Your assignment: Reproduce exactly the lines from the one containing "3. load direction (sign and axis)" through the last line of the records below, both included. Leave out any pictures.

Exercise data:
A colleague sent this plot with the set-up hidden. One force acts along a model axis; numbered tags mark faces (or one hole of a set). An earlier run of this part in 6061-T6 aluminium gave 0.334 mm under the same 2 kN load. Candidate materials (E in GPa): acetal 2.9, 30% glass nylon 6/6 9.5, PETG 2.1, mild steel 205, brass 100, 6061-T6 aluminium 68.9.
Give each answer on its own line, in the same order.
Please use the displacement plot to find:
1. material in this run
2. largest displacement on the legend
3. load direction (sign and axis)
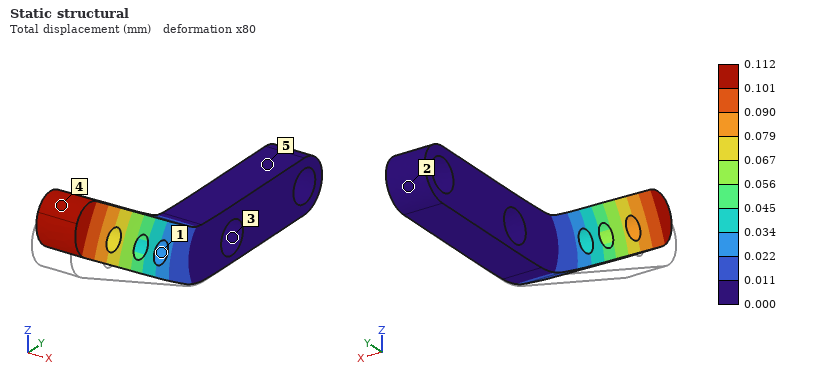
mild steel
0.112 mm
+Z
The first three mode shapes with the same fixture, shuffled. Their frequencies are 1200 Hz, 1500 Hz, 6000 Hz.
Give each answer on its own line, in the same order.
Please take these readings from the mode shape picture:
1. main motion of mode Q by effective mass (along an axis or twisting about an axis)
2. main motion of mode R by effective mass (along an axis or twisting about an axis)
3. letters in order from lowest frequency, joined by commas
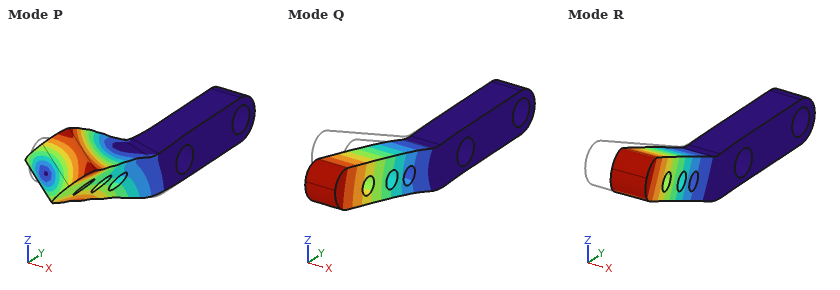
along Z
along X
R, Q, P

Response to this exercise:
3. load direction (sign and axis)
mild steel
0.112 mm
+Z
The first three mode shapes with the same fixture, shuffled. Their frequencies are 1200 Hz, 1500 Hz, 6000 Hz.
Give each answer on its own line, in the same order.
Please take these readings from the mode shape picture:
1. main motion of mode Q by effective mass (along an axis or twisting about an axis)
2. main motion of mode R by effective mass (along an axis or twisting about an axis)
3. letters in order from lowest frequency, joined by commas
along Z
along X
R, Q, P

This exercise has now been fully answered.